Dear SPM experts,
I have a question concerning analysis and interpretation of fMRI-data in a multiple regression design.
I present participants with words, that vary on 4 psycholinguistic variables and am interested in the brain regions that are sensitive to these variables.
Thus at the 1st Level my GLM contains all 4 parametric variables as predictors. The 4 variables are moderately correlated between each other, so the design is not orthogonal per se. I do not orthogonalize the design, because I am interested in the unique variance explained by each and there is no clear order in which they should be entered in the model.
Here are my questions:
- In a whole-brain analysis I find that brain regions A,B,C,D are selectively correlated with variables 1-4 respectively (beta >0). Can I conclude that region A processes variable 1, but not variable 2 based on this information only? Or do I have to look at the contrast directly comparing variable 1 and 2 (that is [1 -1 0 0]) on the second level?

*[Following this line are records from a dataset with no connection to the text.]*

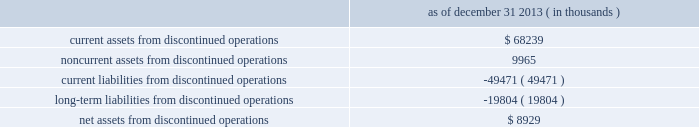Dish network corporation notes to consolidated financial statements - continued recorded as a decrease in 201cincome tax ( provision ) benefit , net 201d on our consolidated statements of operations and comprehensive income ( loss ) for the year ended december 31 , 2013 .
10 .
Discontinued operations as of december 31 , 2013 , blockbuster had ceased material operations .
The results of blockbuster are presented for all periods as discontinued operations in our consolidated financial statements .
During the years ended december 31 , 2013 and 2012 , the revenue from our discontinued operations was $ 503 million and $ 1.085 billion , respectively .
201cincome ( loss ) from discontinued operations , before income taxes 201d for the same periods was a loss of $ 54 million and $ 62 million , respectively .
In addition , 201cincome ( loss ) from discontinued operations , net of tax 201d for the same periods was a loss of $ 47 million and $ 37 million , respectively .
As of december 31 , 2013 , the net assets from our discontinued operations consisted of the following : december 31 , 2013 ( in thousands ) .
Blockbuster - domestic since the blockbuster acquisition , we continually evaluated the impact of certain factors , including , among other things , competitive pressures , the ability of significantly fewer company-owned domestic retail stores to continue to support corporate administrative costs , and other issues impacting the store-level financial performance of our company-owned domestic retail stores .
These factors , among others , previously led us to close a significant number of company-owned domestic retail stores during 2012 and 2013 .
On november 6 , 2013 , we announced that blockbuster would close all of its remaining company-owned domestic retail stores and discontinue the blockbuster by-mail dvd service .
As of december 31 , 2013 , blockbuster had ceased material operations .
Blockbuster 2013 mexico during the third quarter 2013 , we determined that our blockbuster operations in mexico ( 201cblockbuster mexico 201d ) were 201cheld for sale . 201d as a result , we recorded pre-tax impairment charges of $ 19 million related to exiting the business , which was recorded in 201cincome ( loss ) from discontinued operations , net of tax 201d on our consolidated statements of operations and comprehensive income ( loss ) for the year ended december 31 , 2013 .
On january 14 , 2014 , we completed the sale of blockbuster mexico .
Blockbuster uk administration on january 16 , 2013 , blockbuster entertainment limited and blockbuster gb limited , our blockbuster operating subsidiaries in the united kingdom , entered into administration proceedings in the united kingdom ( the 201cadministration 201d ) .
As a result of the administration , we wrote down the assets of all our blockbuster uk subsidiaries to their estimated net realizable value on our consolidated balance sheets as of december 31 , 2012 .
In total , we recorded charges of approximately $ 46 million on a pre-tax basis related to the administration , which was recorded in 201cincome ( loss ) from discontinued operations , net of tax 201d on our consolidated statements of operations and comprehensive income ( loss ) for the year ended december 31 , 2012. .
What is the tax expense related to discontinued operations in 2013? 
Computations: (54 - 47)
Answer: 7.0. 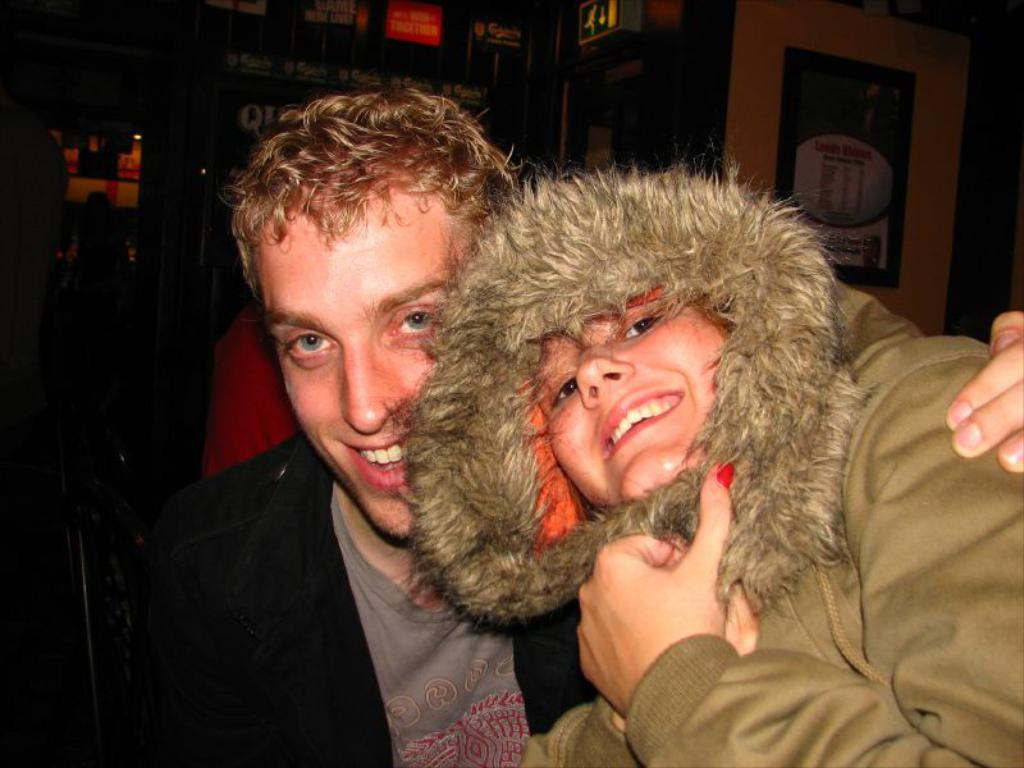Who is present in the image? There is a man and a woman in the image. What are the facial expressions of the people in the image? The man and the woman are both smiling. How many geese can be seen in the image? There are no geese present in the image. What type of hen is visible in the image? There is no hen present in the image. 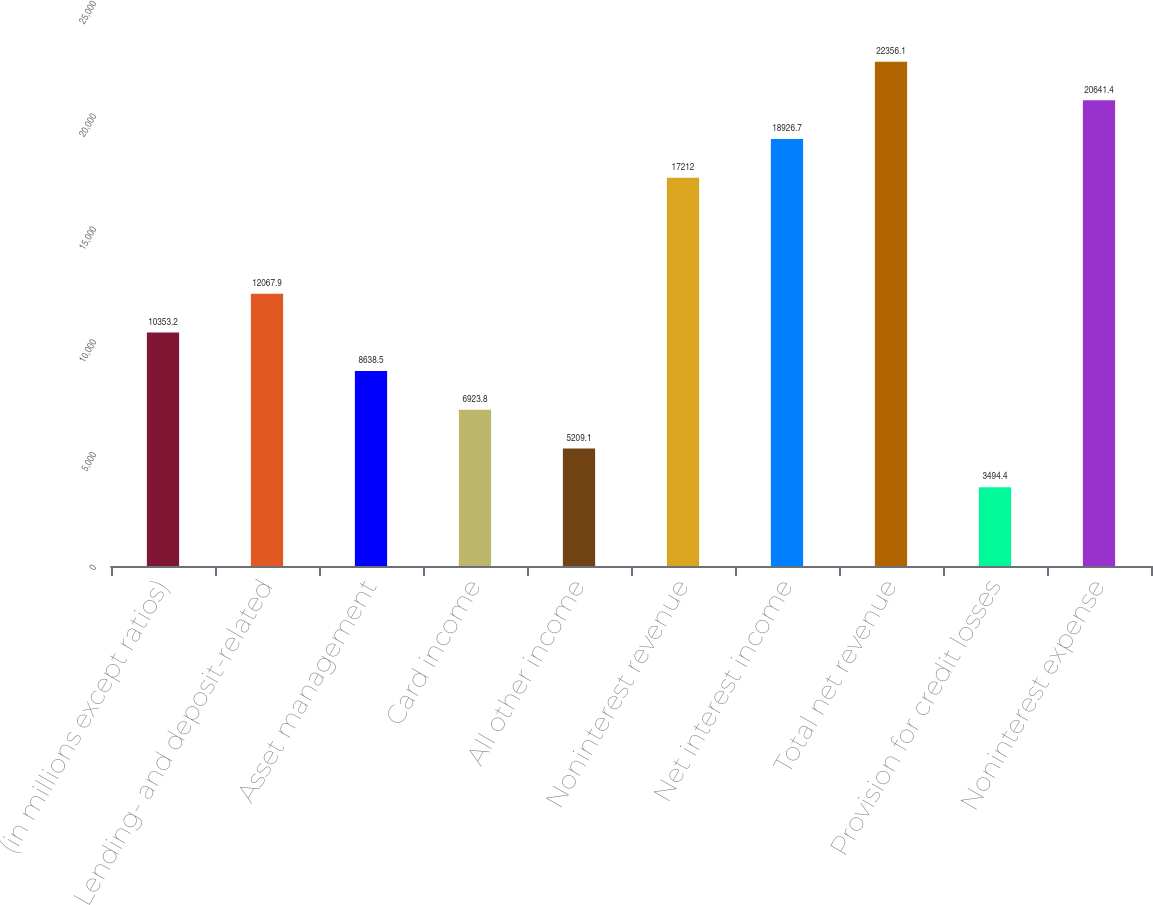<chart> <loc_0><loc_0><loc_500><loc_500><bar_chart><fcel>(in millions except ratios)<fcel>Lending- and deposit-related<fcel>Asset management<fcel>Card income<fcel>All other income<fcel>Noninterest revenue<fcel>Net interest income<fcel>Total net revenue<fcel>Provision for credit losses<fcel>Noninterest expense<nl><fcel>10353.2<fcel>12067.9<fcel>8638.5<fcel>6923.8<fcel>5209.1<fcel>17212<fcel>18926.7<fcel>22356.1<fcel>3494.4<fcel>20641.4<nl></chart>

- If the latter is the case, what is the correct way to do that? I find it problematic to do the usual paired t-test, since the two variables are based on the same trials, thus nested.
When I try to transfer the logic of analysis for behavioral data, I find that this is a comparison never one. One would do a multiple regression analysis of, say, RT, and be happy to say that variable 1 but not variable 2 was significantly correlated with RT. One would not compare the correlation between RT and Variable 1, to the correlation between RT and variable 2, since they are dependent.